A minimal TypeScript library for fetching and parsing Google Scholar pages. This library allows users to search Google Scholar using any keywords or a direct Google Scholar URL.
npm i @rpidanny/google-scholar
For basic usage, you can use the helper functions search
and parseUrl
provided by the library. These functions are straightforward and easy to use.
import { iteratePages, parseUrl, search } from '@rpidanny/google-scholar'
const searchOpts = {
keywords: 'crispr cas9',
yearLow: 2000, // [Optional] paper published after
yearHigh: 2024, // [Optional] paper published before
authors: ['JA Doudna', 'E Charpentier'], // [Optional] Papers from authors
}
// Get the 1st page content for a search option
const pageContent = await search(searchOpts)
console.log(JSON.stringify(pageContent, null, 2))
// Parse page using url
const pageContent2 = await parseUrl('https://scholar.google.com/scholar?q=crispr+cas9&hl=en')
console.log(JSON.stringify(pageContent2, null, 2))
// Iterate over all available pages
await iteratePages(searchOpts, pageContent => JSON.stringify(pageContent, null, 2))
For more advanced usage and more control over the querying process, you can use the GoogleScholar
class directly.
import { GoogleScholar } from 'google-scholar'
import { WebClient } from './web-client' // Make sure to implement the IWebClient interface
const webClient = new WebClient()
const googleScholar = new GoogleScholar(webClient)

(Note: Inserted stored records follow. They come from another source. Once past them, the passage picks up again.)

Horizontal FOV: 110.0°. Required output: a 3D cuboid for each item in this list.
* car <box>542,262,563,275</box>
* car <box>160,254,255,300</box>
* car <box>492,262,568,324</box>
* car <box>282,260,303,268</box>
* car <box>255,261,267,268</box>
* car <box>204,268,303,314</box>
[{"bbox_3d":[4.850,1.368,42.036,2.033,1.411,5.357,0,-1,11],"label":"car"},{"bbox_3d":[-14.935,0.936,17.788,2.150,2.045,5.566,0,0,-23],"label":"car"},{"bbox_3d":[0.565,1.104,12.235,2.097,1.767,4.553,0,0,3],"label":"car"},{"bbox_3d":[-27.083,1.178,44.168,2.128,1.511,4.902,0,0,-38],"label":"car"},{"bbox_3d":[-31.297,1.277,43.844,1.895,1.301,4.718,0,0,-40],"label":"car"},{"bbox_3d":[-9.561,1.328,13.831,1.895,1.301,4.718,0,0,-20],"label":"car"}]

async function searchGoogleScholar(keywords: string) {
const results = await googleScholar.search({ keywords })
console.log(results)
}
searchGoogleScholar('crispr cas9')
Tip: Utilize Odysseus as a WebClient to handle Google Captcha. It opens pages in a browser, allowing human solving of captchas to seamlessly continue the scraping process.
{
"papers": [
{
"title": "CRISPR–Cas9 structures and mechanisms",
"url": "https://www.annualreviews.org/doi/abs/10.1146/annurev-biophys-062215-010822",
"description": "… and Cas9 orthologs have contributed greatly to our understanding of CRISPR–Cas9 mechanisms. In this review, we briefly explain the biology underlying CRISPR–Cas9 technology …",
"source": {
"type": "pdf",
"url": "https://www.annualreviews.org/doi/pdf/10.1146/annurev-biophys-062215-010822"
},
"authors": [
{
"name": "F Jiang",
"url": "https://scholar.google.com/citations?user=gt-dzeEAAAAJ&hl=en&oi=sra"
},
{
"name": "JA Doudna",
"url": "https://scholar.google.com/citations?user=YO5XSXwAAAAJ&hl=en&oi=sra"
}
],
"citation": {
"count": 2020,
"url": "https://scholar.google.com/scholar?cites=2456688039791281496&as_sdt=2005&sciodt=0,5&hl=en"
},
"relatedArticlesUrl": "https://scholar.google.com/scholar?q=related:WMW1j8HoFyIJ:scholar.google.com/&scioq=crispr+cas9&hl=en&as_sdt=0,5"
}
],
"totalPapers": 594000,
"nextUrl": "https://scholar.google.com/scholar?start=10&q=crispr+cas9&hl=en&as_sdt=0,5",
"prevUrl": null
}
This project is licensed under the MIT License. See the LICENSE file for details.